Required action »
Which lines of the records below contain the word "degrees"? Report each of them in full.

Stored records:
***

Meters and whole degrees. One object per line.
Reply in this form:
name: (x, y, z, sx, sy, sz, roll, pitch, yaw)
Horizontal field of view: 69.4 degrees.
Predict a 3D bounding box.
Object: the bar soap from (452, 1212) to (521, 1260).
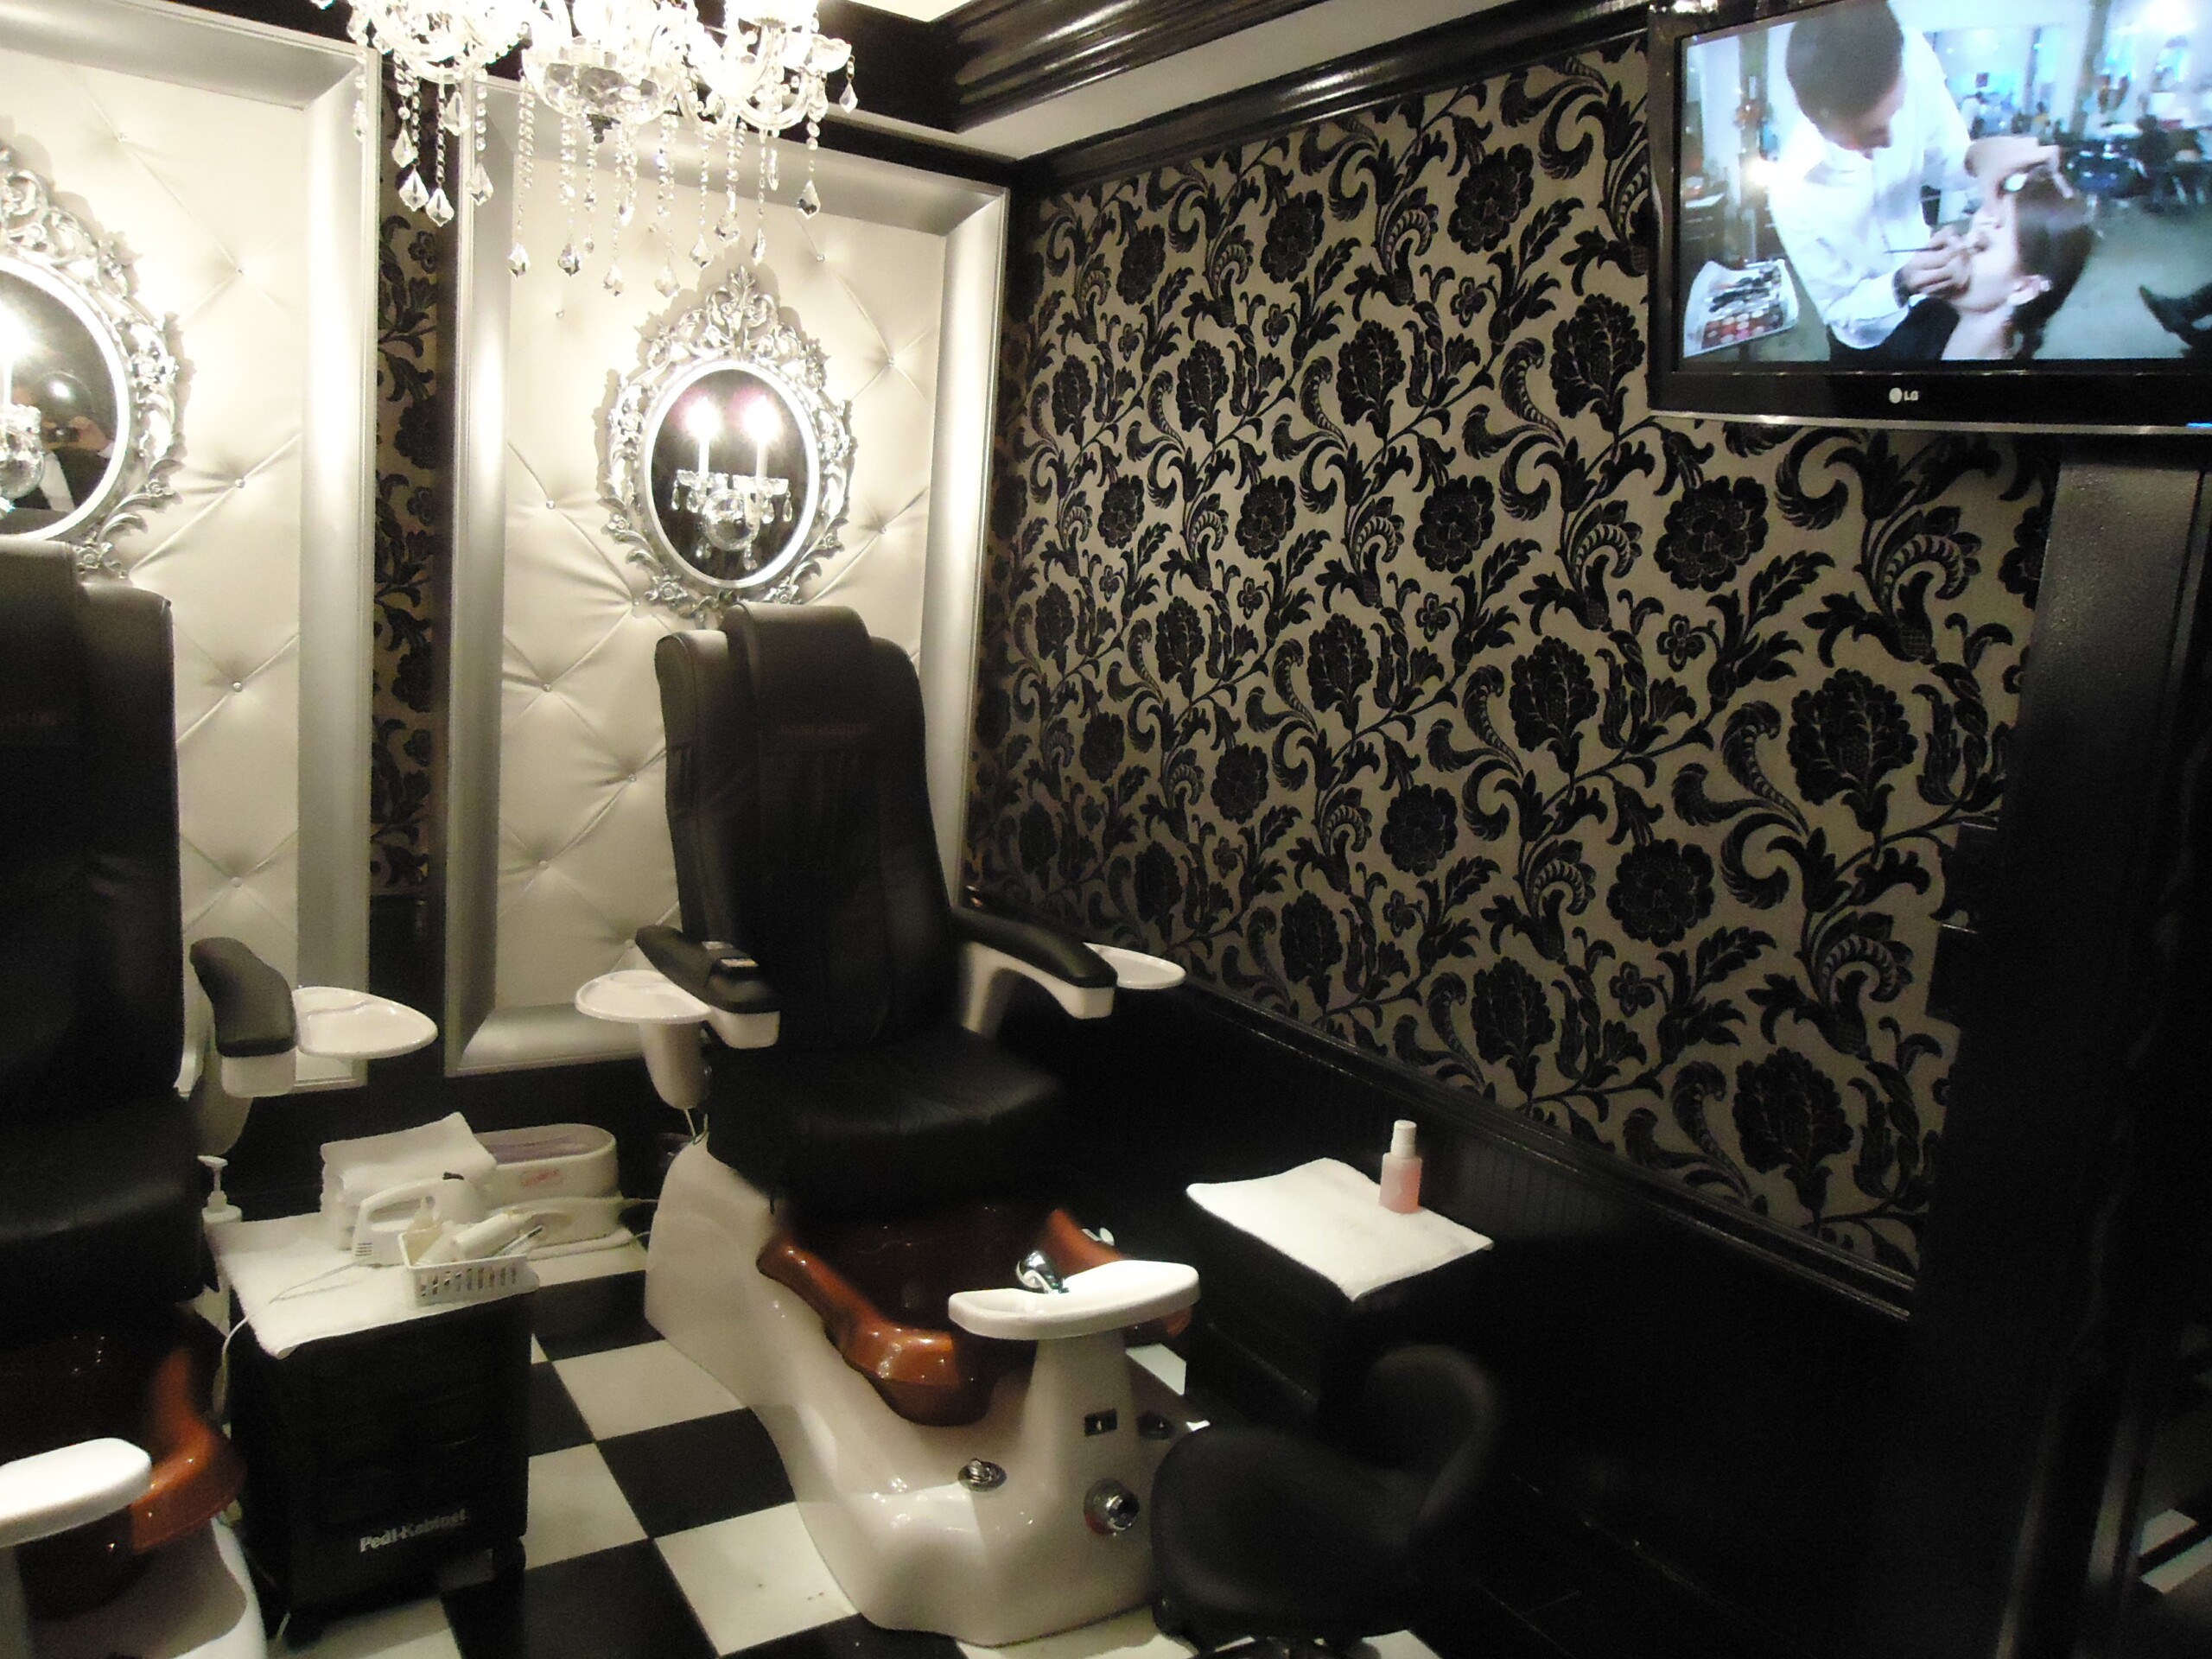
bar soap: (-0.968, 0.639, 2.508, 0.058, 0.024, 0.065, -20, 33, -10)

***

Answer to the exercise »
Meters and whole degrees. One object per line.
Horizontal field of view: 69.4 degrees.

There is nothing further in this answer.